I designed a robot arm that simulates the human elbow-forearm structure. The model consists of a one-axis upper arm part and a two-axis forearm part, connected by an elbow joint. With this model, I attempted to create a structure that can flex and extend at the joint and simultaneously rotate at the distal end of the forearm.
Geodesic curves on the cone were used for the two axes of the forearm part.
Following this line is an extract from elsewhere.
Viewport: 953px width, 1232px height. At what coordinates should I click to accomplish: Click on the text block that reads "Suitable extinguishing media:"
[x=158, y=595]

Mathematically it is generally known that
· When a cone rolls on a plane, the conic vertex does not move [theorem 1], and
· When a cone rolls on a plane, the geodesic curve on the cone moves on a straight line on a plane [theorem 2].
With these theorems, I produced two movement models.
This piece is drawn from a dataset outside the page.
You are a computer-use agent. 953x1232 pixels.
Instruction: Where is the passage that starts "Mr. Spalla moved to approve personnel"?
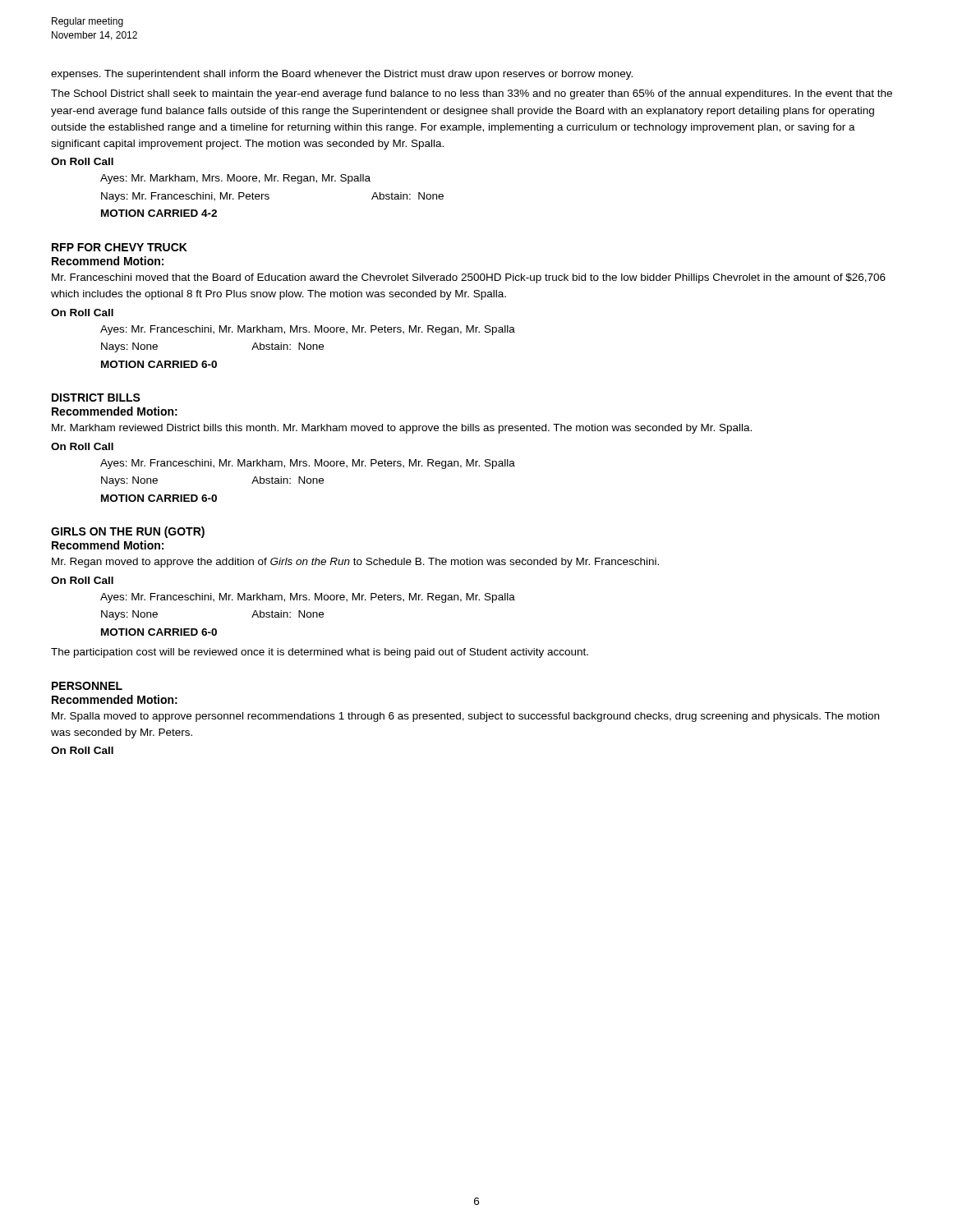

Model I: When two cones and the geodesic curves on the cones roll on the front and reverse sides of one plane, they always touch during motion on a straight line on the plane.
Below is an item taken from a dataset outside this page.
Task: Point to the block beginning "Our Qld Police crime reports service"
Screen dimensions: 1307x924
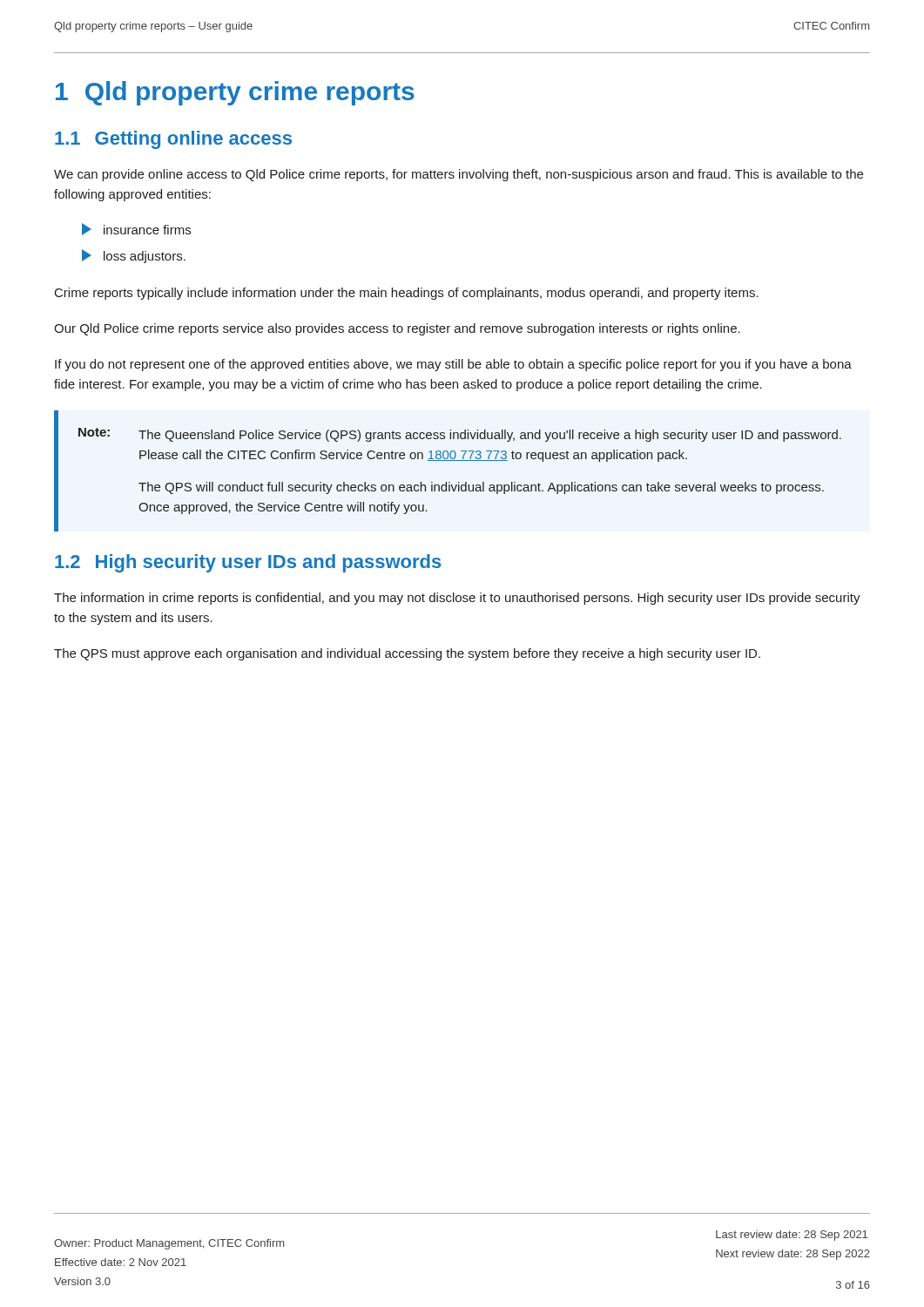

Model II: This is the movement model produced by adding a straight line that connects two conic vertexes to model I. Two geodesic curves on the cone can turn around the straight line.
It was shown that movement model II was a structure for which rotation at the distal end of the forearm part was possible simultaneously with flexion and extension at the elbow joint part. Movement model II was redefined from the geometric movement conditions near the point of contact of the two geodesic curves on the cone. Further modification of these geometric movement conditions resulted in a new model with more natural movement of a human elbow-forearm structure.